Ethical principles such as obtaining consent from the respondents and ensuring confidentiality were adhered to, throughout the project. Ethical clearance was obtained from the Institutes Ethical Committee.

Data analysis

Quantitative data were entered and analyzed using Epi_info (version 3.4.3) software package. Descriptive statistics using table of frequency distribution was used to summarize sociodemographic characteristics and the level of knowledge, attitudes, and practices toward TB.

FGD data were transcribed in English, manually coded, and analyzed for 2 months. The content analysis was manually done. The units of the analysis were statements under a given code. Twenty-three codes were clubbed under eight broad categories. The content analysis was performed by the two faculty of department of Community Medicine trained in qualitative research. These findings were reviewed by the principle investigator, who is working in the local area for the past 9 years.

RESULTS

Findings of FGD

As per the responses emerged from the FGD, items against the codes and categories are expressed in [Table 1]. The four categories are symptoms and mode of transmission, treatment, problems faced, and others.

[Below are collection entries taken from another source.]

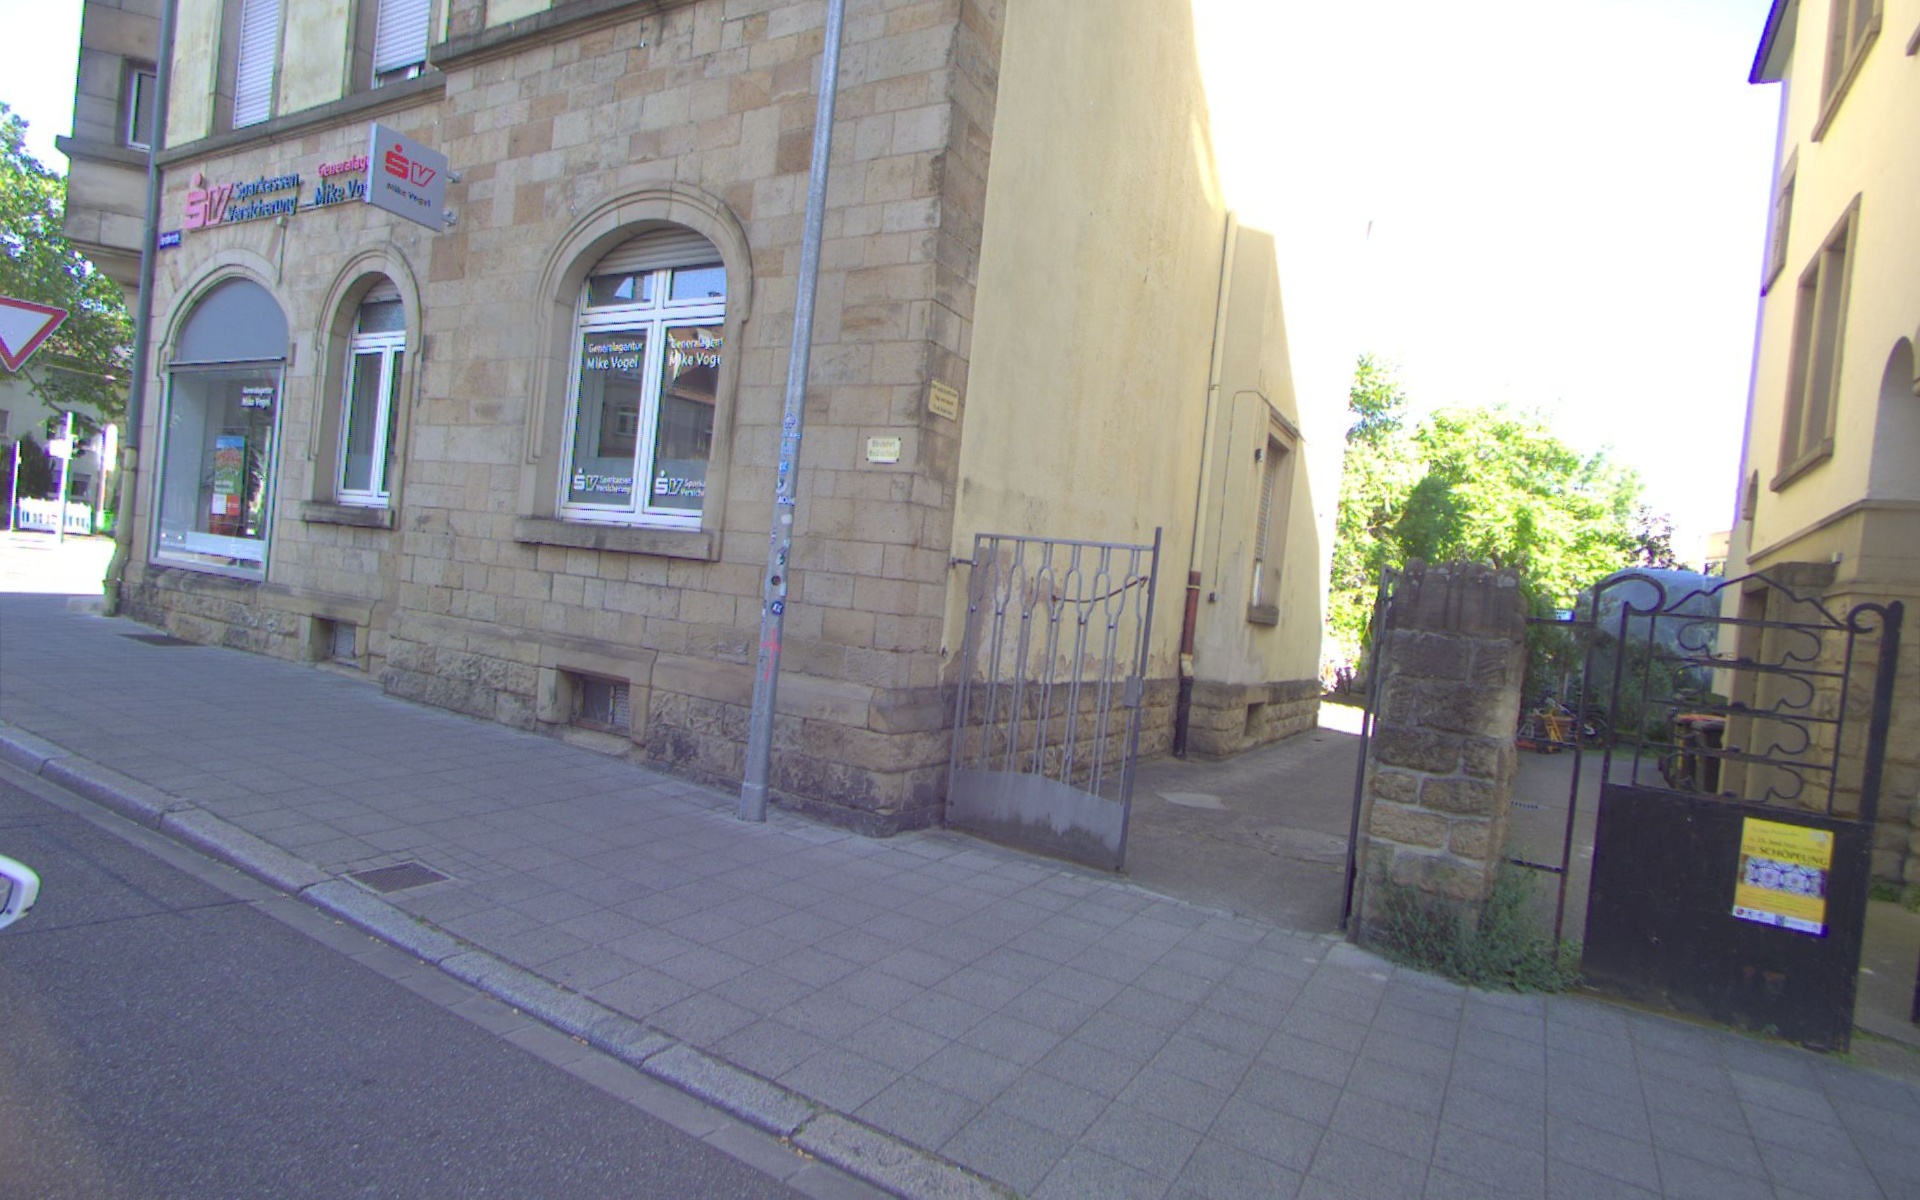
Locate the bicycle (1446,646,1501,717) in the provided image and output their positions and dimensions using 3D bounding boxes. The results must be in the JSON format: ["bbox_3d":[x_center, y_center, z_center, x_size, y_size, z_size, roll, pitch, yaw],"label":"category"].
[{"bbox_3d":[12.599,1.939,24.641,0.904,1.532,2.667,6,2,31],"label":"bicycle"}]

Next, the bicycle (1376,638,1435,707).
[{"bbox_3d":[11.213,1.780,25.255,0.904,1.532,2.667,6,2,31],"label":"bicycle"}]

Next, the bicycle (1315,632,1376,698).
[{"bbox_3d":[9.980,1.645,25.971,0.904,1.532,2.667,6,2,31],"label":"bicycle"}]

The 12 codes emerged are symptoms, mode of spread, risk factors, availability, family and community, financial, advantages at government hospitals, media for awareness, and recommendation.

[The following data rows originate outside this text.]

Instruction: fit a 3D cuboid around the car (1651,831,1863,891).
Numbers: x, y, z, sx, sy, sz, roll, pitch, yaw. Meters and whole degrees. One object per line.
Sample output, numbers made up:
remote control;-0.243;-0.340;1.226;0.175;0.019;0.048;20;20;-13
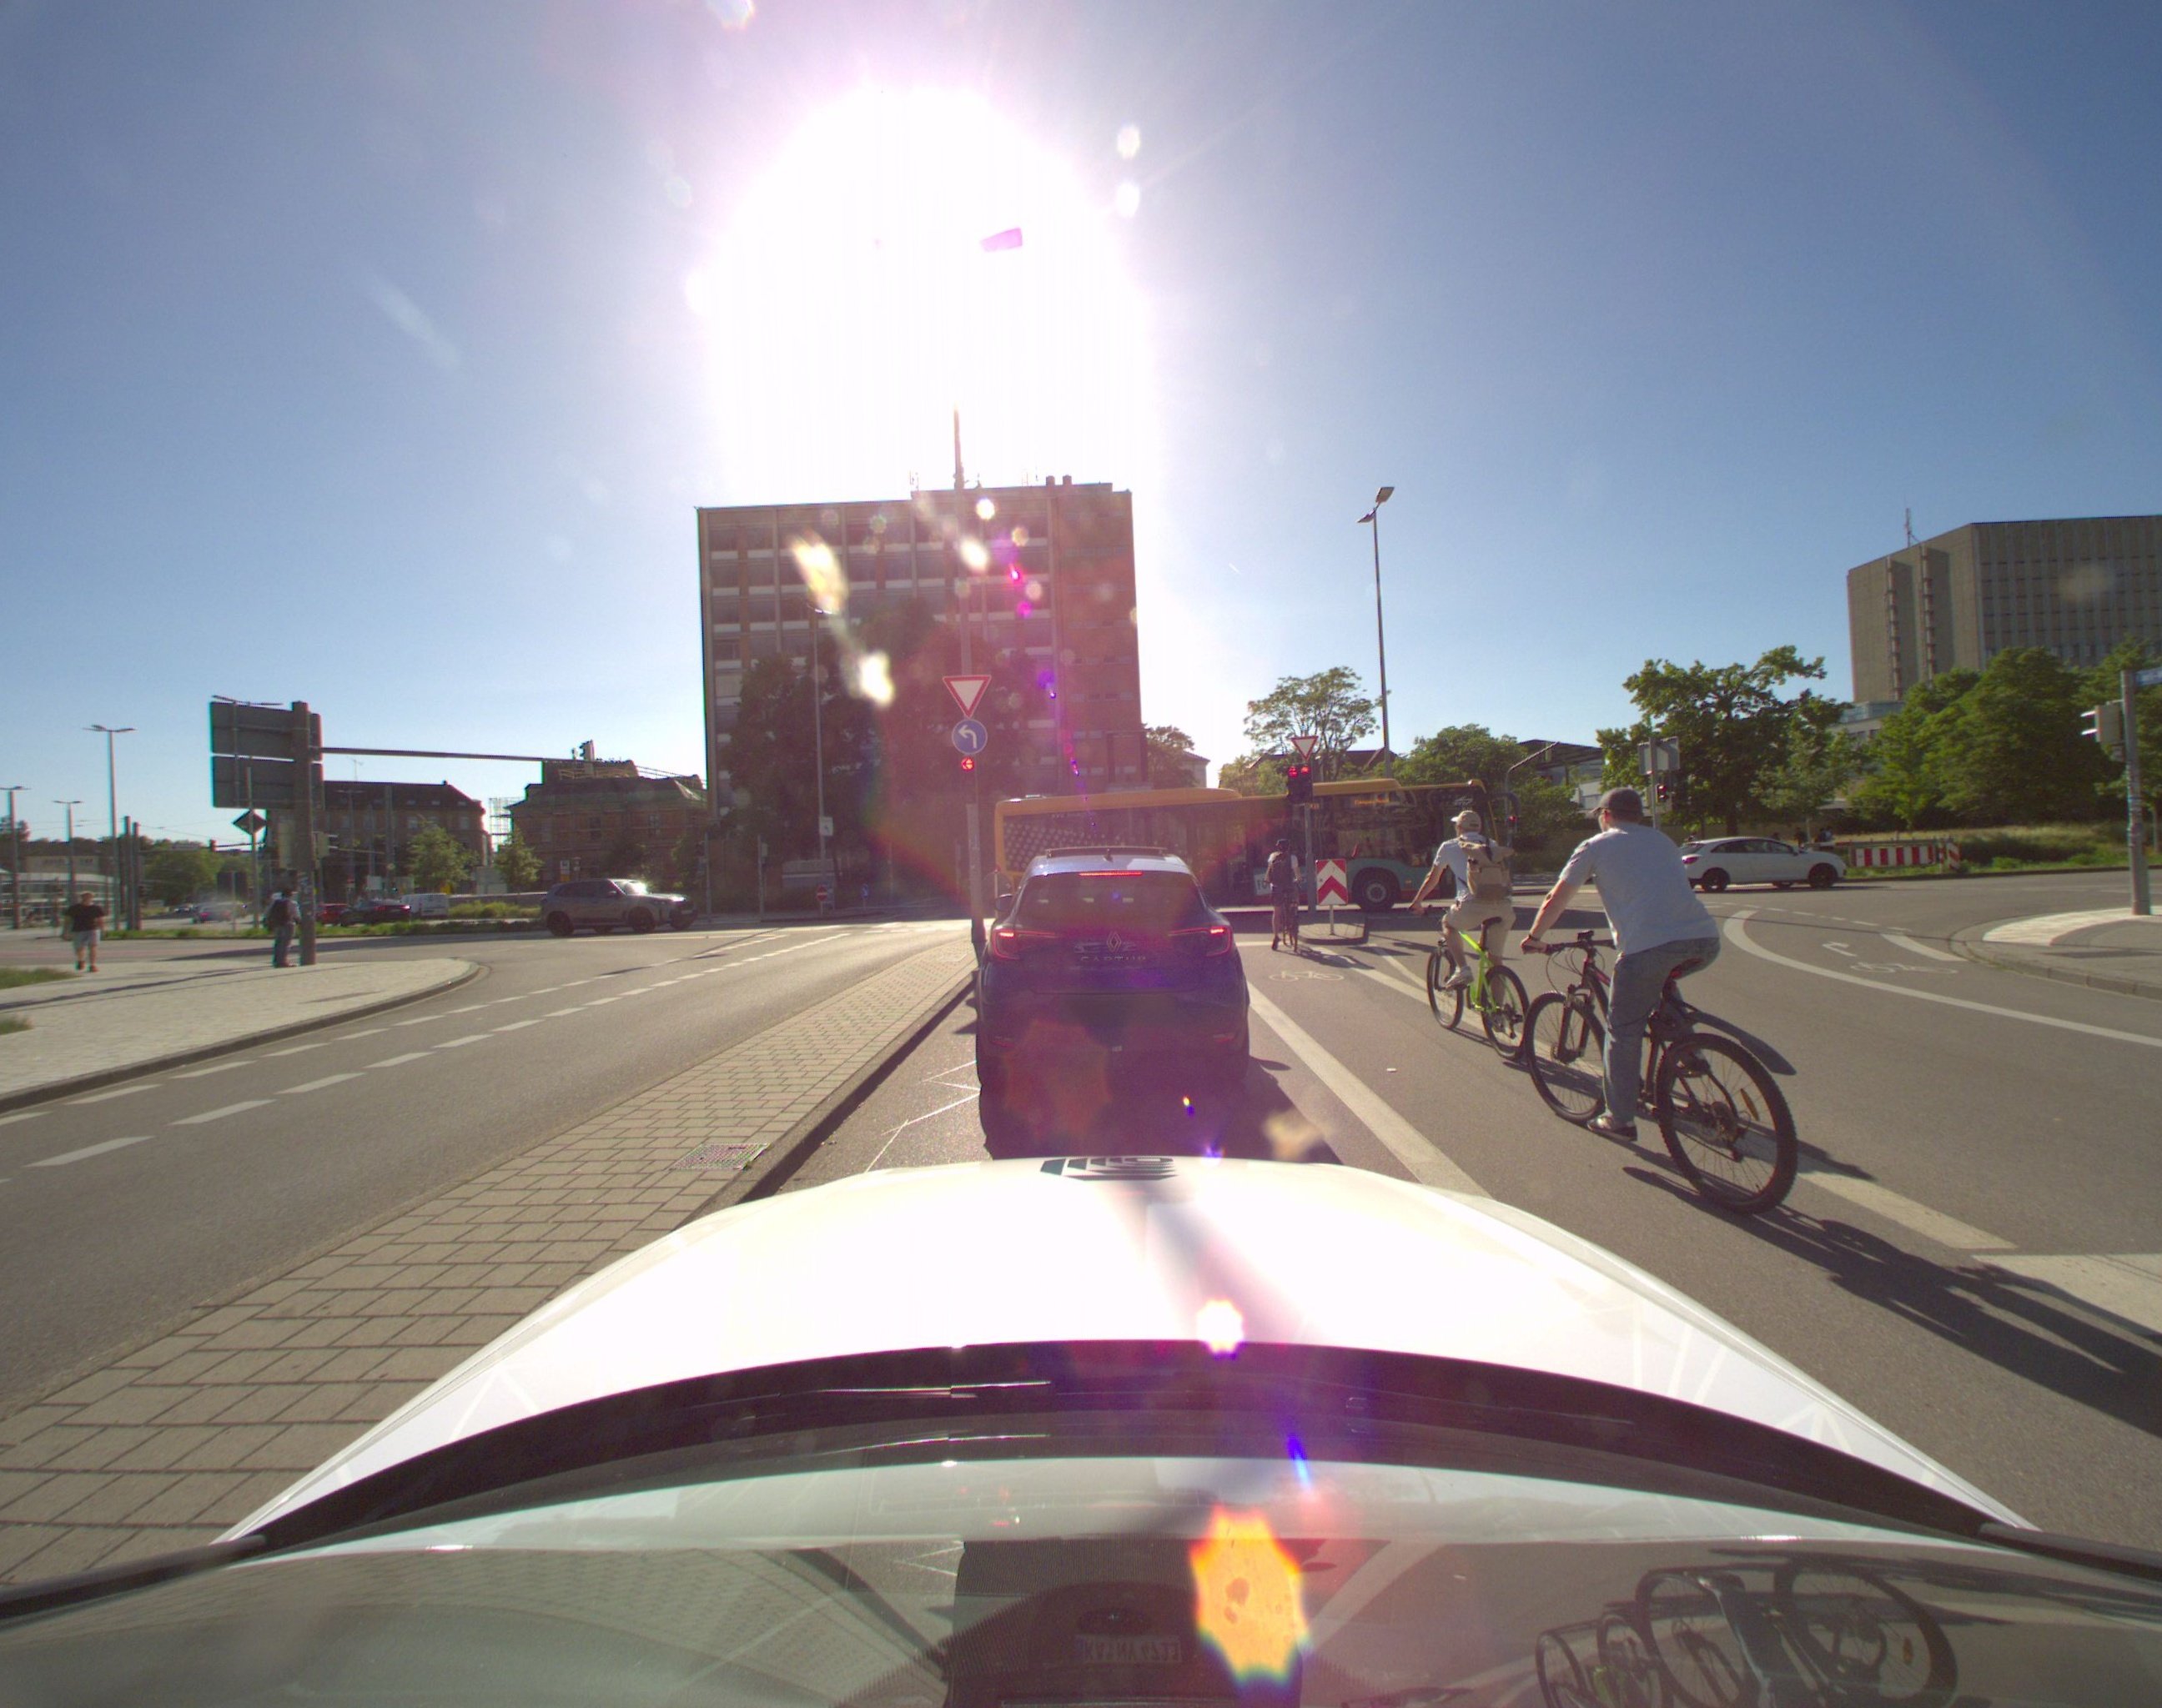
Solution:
car;17.768;0.187;21.594;3.962;1.373;1.764;-2;0;10

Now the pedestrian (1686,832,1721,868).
pedestrian;31.056;-0.209;40.638;0.958;1.732;0.927;-2;-1;6

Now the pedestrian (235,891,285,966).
pedestrian;-19.276;1.745;19.126;0.627;1.697;0.608;-3;-1;25

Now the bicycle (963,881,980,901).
bicycle;-5.966;2.041;44.126;0.699;1.007;1.859;-3;-3;-13

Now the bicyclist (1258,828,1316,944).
bicyclist;3.278;0.492;13.040;0.674;1.785;0.939;-1;-1;0

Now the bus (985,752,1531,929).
bus;4.041;-0.155;20.589;12.330;3.570;3.263;-2;0;15

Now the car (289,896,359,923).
car;-48.009;3.520;51.640;3.771;1.518;2.012;-3;-1;27

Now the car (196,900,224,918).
car;-112.023;7.056;104.819;2.078;2.013;3.951;-5;0;-43

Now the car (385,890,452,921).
car;-47.433;3.678;58.263;4.951;2.013;2.085;-3;-1;31

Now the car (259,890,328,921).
car;-70.906;4.619;73.303;6.867;2.547;3.032;-3;-1;34

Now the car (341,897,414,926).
car;-42.186;3.443;48.824;3.771;1.518;2.012;-3;-1;27

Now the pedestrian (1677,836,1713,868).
pedestrian;30.106;-0.098;39.953;1.069;1.521;0.880;-2;-1;6

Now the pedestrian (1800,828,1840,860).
pedestrian;36.764;-0.501;40.536;1.138;1.521;0.880;-3;-1;5

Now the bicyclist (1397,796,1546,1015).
bicyclist;3.043;0.375;6.455;0.672;1.583;1.081;0;0;1

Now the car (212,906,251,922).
car;-87.710;6.207;84.055;4.005;1.439;2.079;-3;0;34

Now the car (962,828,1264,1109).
car;0.226;0.684;6.808;1.788;1.655;3.853;-1;0;1

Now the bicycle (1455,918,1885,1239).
bicycle;2.694;0.934;4.072;0.745;1.050;1.903;-3;0;0

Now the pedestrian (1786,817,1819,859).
pedestrian;36.677;-0.794;41.413;0.891;2.079;0.814;-2;-1;5

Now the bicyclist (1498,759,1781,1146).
bicyclist;2.684;0.432;4.022;0.737;1.674;0.865;-2;-1;0

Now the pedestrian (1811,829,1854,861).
pedestrian;36.677;-0.425;39.773;1.123;1.521;0.992;-2;-1;5

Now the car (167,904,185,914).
car;-169.629;10.351;152.732;2.012;1.673;3.950;-2;-1;-45

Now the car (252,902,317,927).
car;-53.572;4.089;54.773;3.771;1.518;2.012;-3;-1;27

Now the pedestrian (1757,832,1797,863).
pedestrian;34.674;-0.323;40.600;1.140;1.521;0.944;-2;-1;7

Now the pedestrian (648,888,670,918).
pedestrian;-29.669;3.466;57.253;0.816;2.013;1.021;-3;-1;25

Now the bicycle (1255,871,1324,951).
bicycle;3.295;0.863;13.012;0.613;1.138;1.826;-2;0;0

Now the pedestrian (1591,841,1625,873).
pedestrian;26.386;0.146;40.800;1.078;1.521;0.933;-2;-1;11

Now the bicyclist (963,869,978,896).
bicyclist;-5.977;1.558;44.086;0.648;1.412;0.635;-2;-3;-14

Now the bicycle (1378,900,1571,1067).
bicycle;3.044;0.940;6.519;0.669;1.050;1.844;0;0;1

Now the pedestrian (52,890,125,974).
pedestrian;-22.997;1.796;18.875;0.856;1.845;0.847;-3;-1;25

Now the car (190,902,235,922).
car;-79.447;5.305;74.478;4.795;1.582;2.115;-3;0;35

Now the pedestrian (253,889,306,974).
pedestrian;-18.159;1.745;18.460;0.673;1.855;0.608;-3;-1;25

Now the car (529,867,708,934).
car;-14.723;1.474;26.060;4.697;1.861;2.011;-3;-1;10

Table 1: Content analysis of participants’ perceptions and practices of rural people related to tuberculosis.
Category Codes Items
Symptoms and mode of transmission Symptoms - Yellow Sputum collection in body/No adequate sleep/loose stools
- Continuous cough and cold for 1/2 weeks
- Difficulty in breathing similar to asthma
- Blood stained sputum will be present
- Thin built, fever, loss of appetite, and loss of weight
Mode of spread - Contact with exhaled air, saliva, and close TB contact
- Stamping the sputum on bare foot
Risk factors - Smoking, tobacco chewing, and alcoholism make males
- Preponderant to TB, anyone can get affected even children
- Females inhale smoke from cooking
Treatment Availability - Given in Govt. hospitals under supervision/private hospitals,
- Free medicine/consumed for 6–8 months
Effect - Cured by taking proper medicines
- Treatment to be started in the initial stage itself
Home remedies - Leaves of Indian mint
- Essence from Indian coral tree
- Warm milk along with thumbai flower for cough and cold
- Palm rock sugar for cough and cold
- Tulsi, panangarkandu, and karpuravalli leaves
Problems faced Health system related - Delay in ordering investigations and getting the reports
- They do not tell that they are testing for TB
- Results of are not revealed
Family and community - Isolated by family and relatives, relatives stop visiting the family
- Discrimination and hated by the society
- Isolated from others and relatives do not talk much
Financial - No money as he cannot work
Others Advantages at Government hospitals - Most of them treat on time
- Nowadays, they speak kindly to patients
Media for awareness - Provide awareness through TV adds, display pamphlets and show
- TB-related videos in villages
- House to house distribution of pamphlets with messages on the symptoms and treatment of tuberculosis
Recommendation - Meet staff nurse if cough and sputum more than 10 days
- Continue medicines till doctor advises to stop
- Cover mouth before coughing or speaking
- Use chappals while walking and not on bare foot
- Family members should maintain cleanliness

TB: Tuberculosis

Findings of survey

A total of 348 people were studied during survey. Out of which 203 were male and 145 were female (mentioned in [Table 2]). The majority of them are in age group between 31 and 60 years. Among them, 106 (30.5%) have not attended school. The major source of information of TB received by the community was from family, friends, neighbors, and colleagues.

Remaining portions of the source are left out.